(350c) Configurational Diffusion of Small Molecules through Nano-Confined Polymers

Configurational diffusion in glassy, amorphous polymers is dictated by the structure and dynamics of the polymer since the penetrant has to travel through a tortuous pathway afforded by the free volume within the polymer while being in close contact with the polymer matrix. Confinement of the polymer to nanometer length scales can thus be expected to have an effect on permeation of penetrant molecules. Experimental studies have shown that altering the local structure of the polymer by confining it to a pore [1] or by adding nanoparticles to it [2] results in improved separation (permeability and selectivity) properties. The goal of this work is to use molecular dynamics (MD) simulations to understand the effect of nano-confinement on the permeation of small gas molecules through polymers.
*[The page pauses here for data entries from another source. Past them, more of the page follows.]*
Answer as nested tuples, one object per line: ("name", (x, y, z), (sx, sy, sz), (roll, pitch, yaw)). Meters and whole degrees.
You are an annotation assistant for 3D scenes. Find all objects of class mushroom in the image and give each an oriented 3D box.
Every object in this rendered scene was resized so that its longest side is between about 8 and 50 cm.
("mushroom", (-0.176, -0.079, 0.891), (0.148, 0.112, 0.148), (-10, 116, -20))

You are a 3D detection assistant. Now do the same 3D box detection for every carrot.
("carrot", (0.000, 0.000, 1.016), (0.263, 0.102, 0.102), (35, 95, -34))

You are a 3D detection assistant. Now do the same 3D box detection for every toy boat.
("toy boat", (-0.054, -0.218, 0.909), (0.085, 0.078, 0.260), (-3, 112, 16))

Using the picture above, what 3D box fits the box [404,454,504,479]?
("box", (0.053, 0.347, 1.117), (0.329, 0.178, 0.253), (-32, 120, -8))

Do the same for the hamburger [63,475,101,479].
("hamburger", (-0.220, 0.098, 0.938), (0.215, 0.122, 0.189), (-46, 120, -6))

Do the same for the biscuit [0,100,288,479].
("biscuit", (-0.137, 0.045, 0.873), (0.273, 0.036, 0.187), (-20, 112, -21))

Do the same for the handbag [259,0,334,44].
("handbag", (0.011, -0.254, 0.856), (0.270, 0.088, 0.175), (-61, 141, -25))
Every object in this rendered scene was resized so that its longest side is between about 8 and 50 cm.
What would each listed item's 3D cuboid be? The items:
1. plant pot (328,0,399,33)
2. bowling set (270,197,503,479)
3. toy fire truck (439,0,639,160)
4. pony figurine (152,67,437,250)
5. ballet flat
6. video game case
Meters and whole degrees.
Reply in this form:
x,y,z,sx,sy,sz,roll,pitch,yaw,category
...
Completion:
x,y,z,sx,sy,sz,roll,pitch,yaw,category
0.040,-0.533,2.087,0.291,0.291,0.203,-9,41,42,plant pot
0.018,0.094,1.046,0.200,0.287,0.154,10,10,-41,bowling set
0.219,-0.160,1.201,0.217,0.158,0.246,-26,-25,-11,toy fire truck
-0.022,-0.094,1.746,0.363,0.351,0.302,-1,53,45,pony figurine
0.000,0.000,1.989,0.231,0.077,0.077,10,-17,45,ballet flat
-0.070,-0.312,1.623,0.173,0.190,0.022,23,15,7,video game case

MD simulations were carried out on a fully atomistic model of glassy, amorphous atactic polypropylene (aPP) confined to a slit shaped pore. The polymer structure was generated by using a method by Kotelyanskii et al. [3] modified for a slit pore. Mirror boundary conditions were used at the pore walls (z direction) while regular periodic boundary conditions were used in the x and y directions. Simulations were carried out for two different penetrants, namely helium and methane at two temperatures, 233 K and 296 K (one below and the other above the glass transition temperature of aPP). MD trajectories were simulated for 10 nanoseconds.

Polymer density was found to be higher near the pore wall than in bulk. The penetrant diffusivities for the confined polymer were larger than that for diffusion through bulk polymer under same conditions of temperature and pressure (results for bulk polymers obtained from [4]). Methane did not reach the Fickian diffusion regime during the time scale of simulation, but the diffusivity could be estimated using analysis of jump maps. The results are used to interpret recent reports of enhancement of selectivity in nanocomposite membranes [1,2].

References:

[1] Moadebb, M. and Koros, W.J., J. Membr. Sci., 125, 143-163 (1997).

[2] Merkel, T.C., Freeman, B.D., Spontak, Z., He, R.J., Pinnau, I., Meakin, P. and Hill, A.J., Science, 296, 519-522 (2002).

[3] Kotelyanskii, M., Wagner, N.J. and Paulaitis, M.E., Macromolecules, 29, 8497-8506 (1996).

[4] Boshoff, J.H.D., PhD Thesis, University of Delaware (2004).